Take Confluent, the primary sponsor of the now popular Apache Kafka project. CEO Jay Kreps, in a revealing Twitter thread, reminds us that this wasn’t always the case. “We wrote the initial Kafka code base at LinkedIn in 2009-2010. In 2011 we released the initial Kafka code as open source to...resounding silence. No one cared!”

Put another way, very few were thinking seriously about streaming data back then. Kafka is a publish-subscribe messaging system used for processing real-time streaming and batch-based data processing.

Around the time of Olson’s statement, I spent a year working for Nodeable, which tried to build a business on Apache Storm, giving developers a way to tap into stream-based processing of data. It failed. Lots of start-ups fail.

Perhaps we did a poor job marketing the company, and maybe our product wasn’t great (both likely true), but mostly we struggled to convince developers that they needed to embrace streaming data.

No one needs convincing today. Streaming data is becoming the norm, and Kafka sits at the heart of it. Back to Kreps: “We had a lot of big ideas: building a data architecture around events, moving from batch to real-time stream processing, doing this around a kind of commit log that brought together real-time change and data storage. We knew it could be a big deal!”

Kreps continues, “But how do you get people to think in a different way about data? Maybe you need a company to help drive it, we thought. But there’s no point starting a company if your product is all about a paradigm that no one wants. How to test that?”

In December 2013, Kreps wrote a blog post about how “event streams could act as a central nervous system for companies and the use of data could transition into real time with stream processing.”

“If the blog is popular,’ he remembers, “maybe there could be a company there. If not, well, maybe this won’t be able to get going. The blog post was really popular! We decided to make the jump and start a company. Confluent was born in September 2014.”

This brings us back to investing in open source. There was once a thought that investing in open source was relatively cheap because you just piggybacked on a project that had taken off with developers.
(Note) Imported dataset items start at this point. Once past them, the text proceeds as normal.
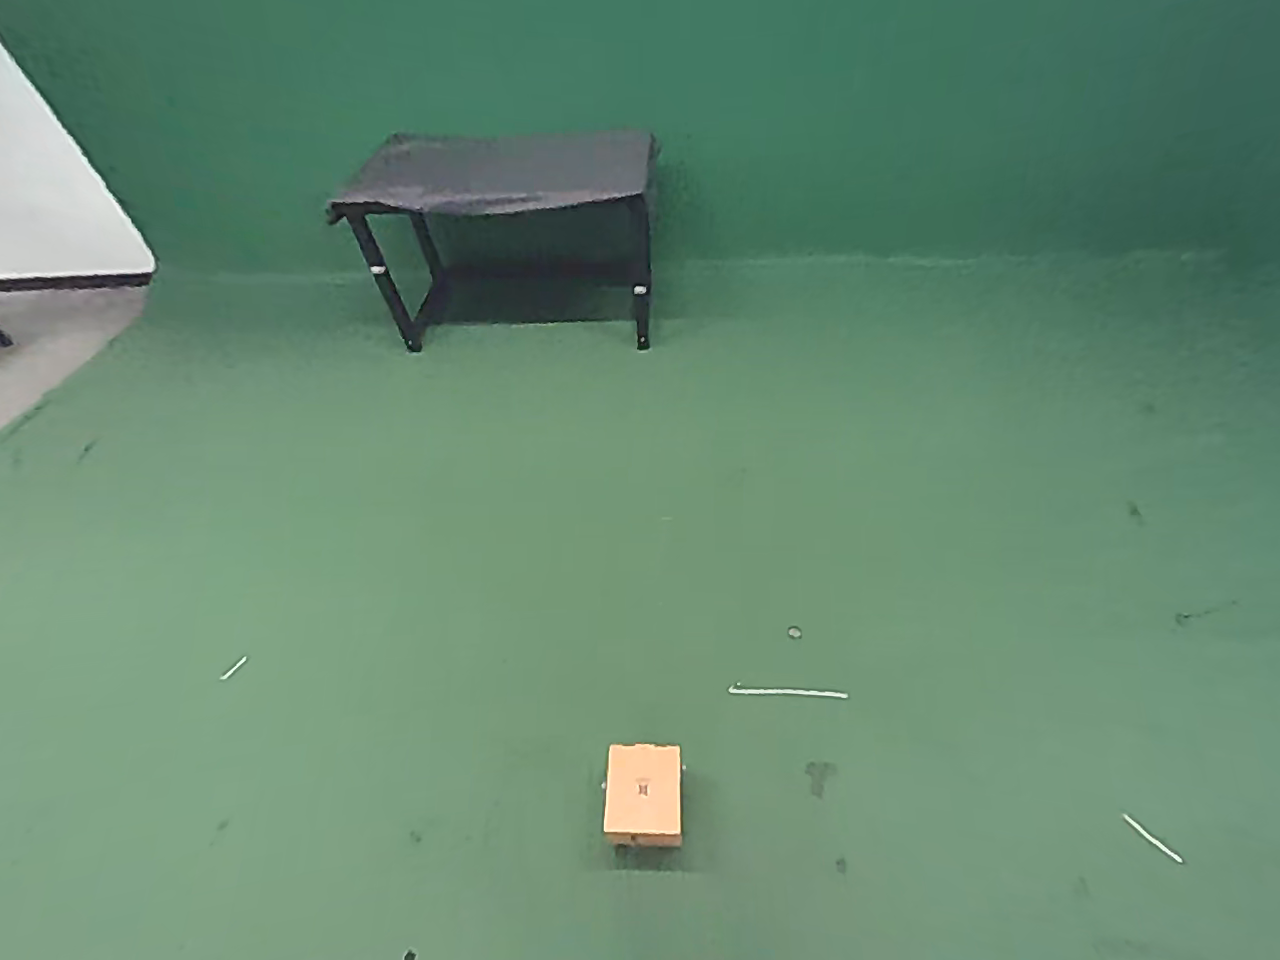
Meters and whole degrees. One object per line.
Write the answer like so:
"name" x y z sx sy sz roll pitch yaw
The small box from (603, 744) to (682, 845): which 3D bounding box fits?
"small box" 0.013 0.730 1.251 0.168 0.176 0.179 -1 48 4
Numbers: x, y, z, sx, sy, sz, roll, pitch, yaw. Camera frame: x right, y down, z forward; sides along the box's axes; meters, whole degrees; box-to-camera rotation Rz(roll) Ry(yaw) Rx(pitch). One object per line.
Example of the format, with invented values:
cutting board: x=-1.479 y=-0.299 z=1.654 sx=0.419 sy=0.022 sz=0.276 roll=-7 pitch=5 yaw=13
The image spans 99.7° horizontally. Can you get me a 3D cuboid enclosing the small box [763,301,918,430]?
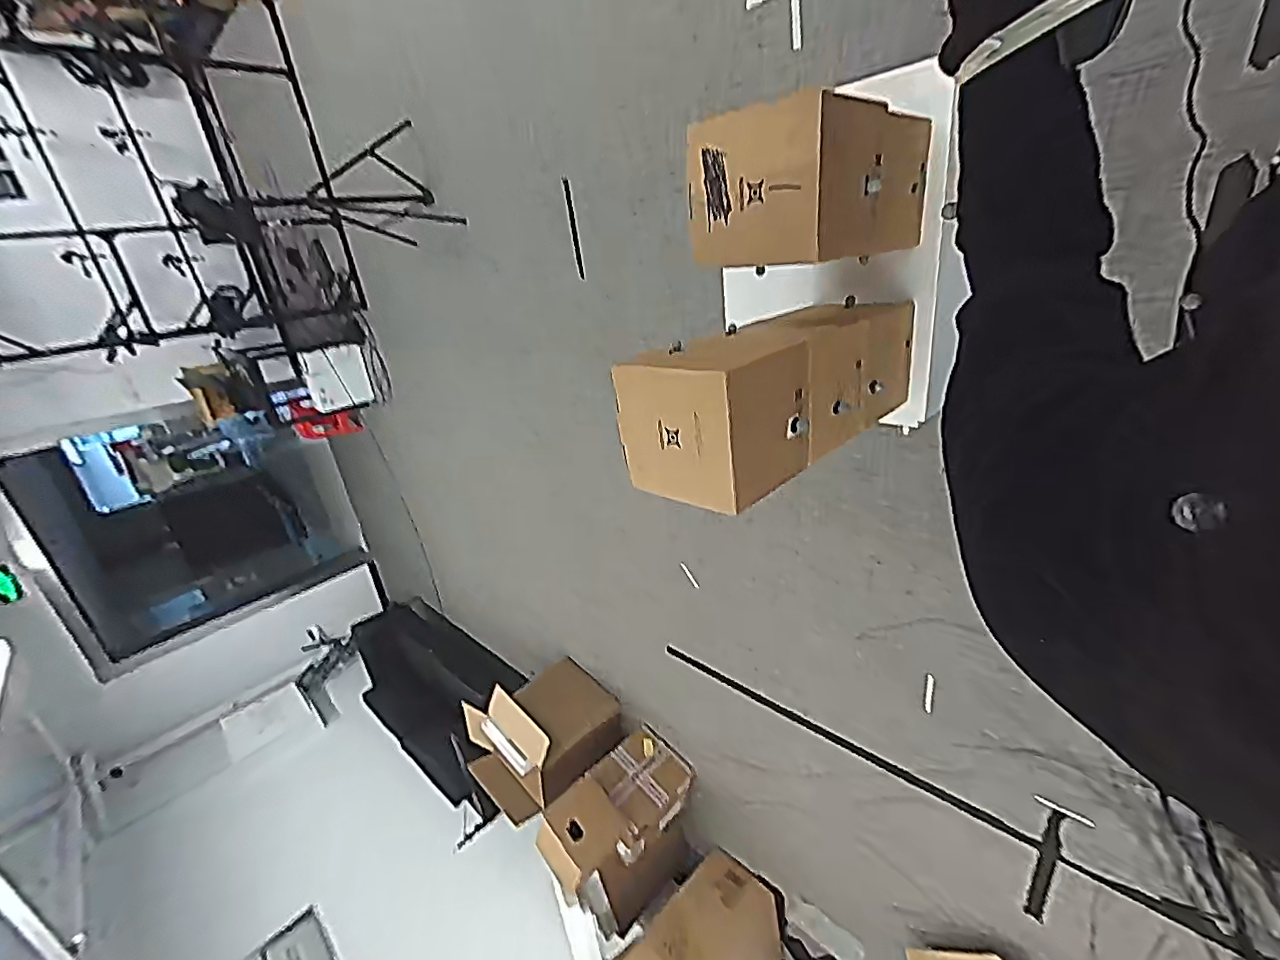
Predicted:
small box: x=0.320 y=-0.193 z=0.876 sx=0.179 sy=0.176 sz=0.168 roll=17 pitch=122 yaw=44

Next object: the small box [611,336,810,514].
small box: x=0.091 y=-0.079 z=0.673 sx=0.179 sy=0.176 sz=0.168 roll=14 pitch=121 yaw=43

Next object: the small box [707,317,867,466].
small box: x=0.207 y=-0.135 z=0.773 sx=0.179 sy=0.176 sz=0.168 roll=15 pitch=121 yaw=44

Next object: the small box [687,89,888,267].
small box: x=0.180 y=-0.360 z=0.670 sx=0.179 sy=0.176 sz=0.168 roll=17 pitch=123 yaw=41
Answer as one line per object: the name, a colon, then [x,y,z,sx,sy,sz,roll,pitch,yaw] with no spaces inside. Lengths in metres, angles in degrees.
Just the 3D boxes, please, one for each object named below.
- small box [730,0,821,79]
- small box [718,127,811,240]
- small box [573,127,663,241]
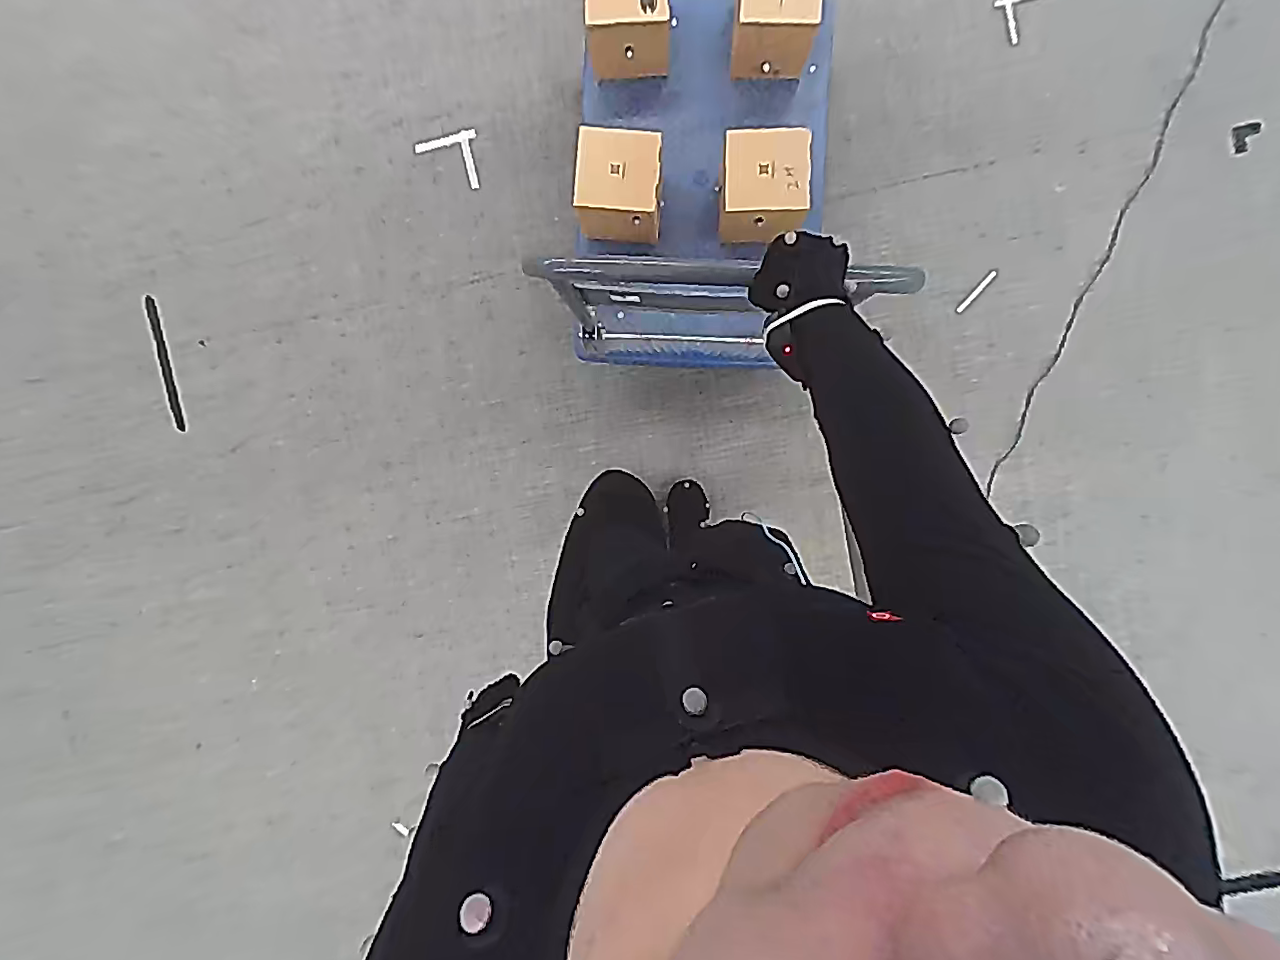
small box: [0.289,-1.016,1.167,0.168,0.176,0.179,3,94,3]
small box: [0.265,-0.641,1.187,0.179,0.176,0.168,0,93,3]
small box: [-0.044,-0.649,1.203,0.179,0.176,0.168,5,93,1]

That still happens, but when open source companies are creating categories, not merely aping them, much more capital may be required. This is certainly the message that MongoDB CEO Dev Ittycheria has given, citing the more than $700 million the company has invested in the product since the project’s inception. There was no document database product for MongoDB to mimic. It has had to spend.

Ditto Confluent, which raised $455.9 million before its IPO. Or Neo4j, an open source graph database company, which has raised over $500 million, including a recent $325 million Series E. And so on.

So no, there never has been a slowing in open source investment since Red Hat lit the fuse in 1999. If anything, it keeps accelerating. And because open source companies must spend heavily to create new markets rather than copying old markets, we can expect the funding to get even bigger, faster. There’s a lot of money in free software, it seems.